= Georg Koës =

Danish philologist

Georg Koës

Georg Hendrick Carl Koës (1782-1811) was a Danish philologist of the early 19th century.

Koës was born in Antvorskov, the third son of Anna Mathea Falch and Georg Frederik Koës, and was christened on 4 February 1782 in St Peter's, Slagelse.
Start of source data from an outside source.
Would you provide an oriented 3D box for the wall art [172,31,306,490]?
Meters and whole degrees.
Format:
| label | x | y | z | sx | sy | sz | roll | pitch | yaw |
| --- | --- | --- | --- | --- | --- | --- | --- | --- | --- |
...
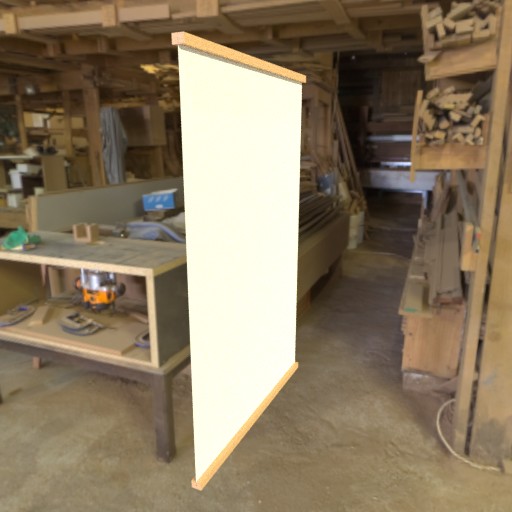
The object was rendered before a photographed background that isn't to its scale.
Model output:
| label | x | y | z | sx | sy | sz | roll | pitch | yaw |
| --- | --- | --- | --- | --- | --- | --- | --- | --- | --- |
| wall art | 0.000 | 0.000 | 1.844 | 0.040 | 1.510 | 0.991 | 7 | 16 | 25 |
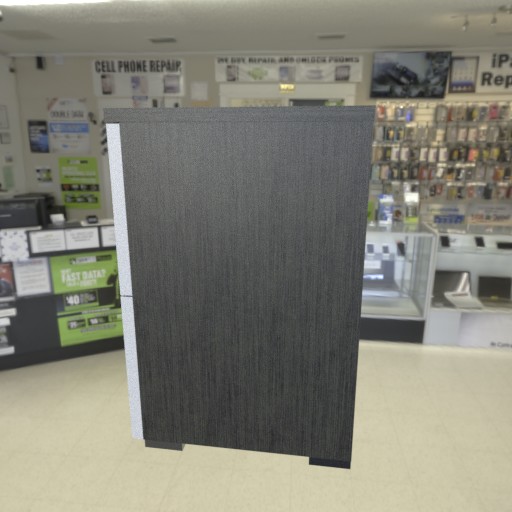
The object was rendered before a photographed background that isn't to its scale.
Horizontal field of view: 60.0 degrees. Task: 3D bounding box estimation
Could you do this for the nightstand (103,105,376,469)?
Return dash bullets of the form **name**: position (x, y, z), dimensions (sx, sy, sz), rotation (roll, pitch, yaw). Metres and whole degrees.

He studied classical philology under F.A. Wolf at the University of Halle, writing pioneering works of textual criticism on ancient Greek works, including Homer, whose work he demonstrated to be by more than one writer (Specimen observationum in Odysseam criticarum, acc. commentatio de discrepantiis quibusdam in Odyssea occurrentibus, Copenhagen 1806). He visited Paris in 1806 with his friend Peter Oluf Brøndsted. After remaining there two years, they went together to Italy. Both were zealously attached to the study of antiquities and the tastes and interests they held in common led them, in 1810, to join an expedition to Greece with Otto Magnus von Stackelberg, Carl Haller von Hallerstein, the German painter Jakob Linckh, and the then Austrian consul in Greece George Christian Gropius.

==Death==

Gell's drawing of the grave

However, Koës died unexpectedly on Zante in 1811, aged 29, of pneumonia. He was buried at the house of consul Lunzi on the island (Brøndsted was away in Thessaly at the time). Sir William Gell, who also participated in the expedition, sent home a drawing of the burial-spot for Koës's family back in Denmark, and this is now in the possession of the Brøndsted family.
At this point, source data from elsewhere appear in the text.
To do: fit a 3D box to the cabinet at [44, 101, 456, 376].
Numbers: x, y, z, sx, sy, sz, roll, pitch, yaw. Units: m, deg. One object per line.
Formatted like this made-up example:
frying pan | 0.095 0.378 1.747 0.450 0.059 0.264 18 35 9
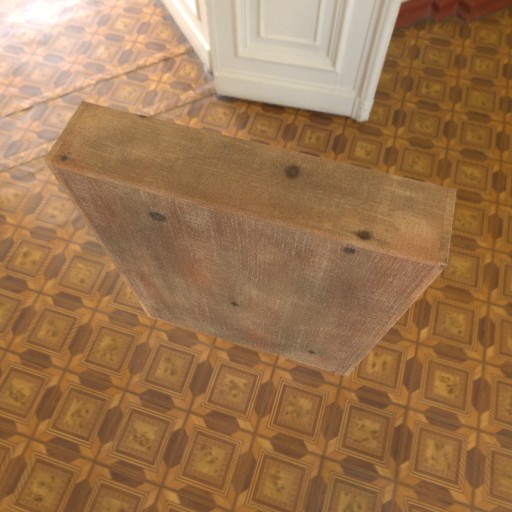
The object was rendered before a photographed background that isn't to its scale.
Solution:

The expedition continued and, when Brøndsted returned to Copenhagen in 1813, he married Georg's sister Frederikke. Koes had been engaged to his cousin Caroline Falch (7 November 1790 – 10 November 1856), daughter of Andreas Falch (1748–1797) and Charlotte Sophie Suhr (1756–1822), before leaving for Paris, and on his death she married Theodor Suhr the elder (1792–1858) around 1816.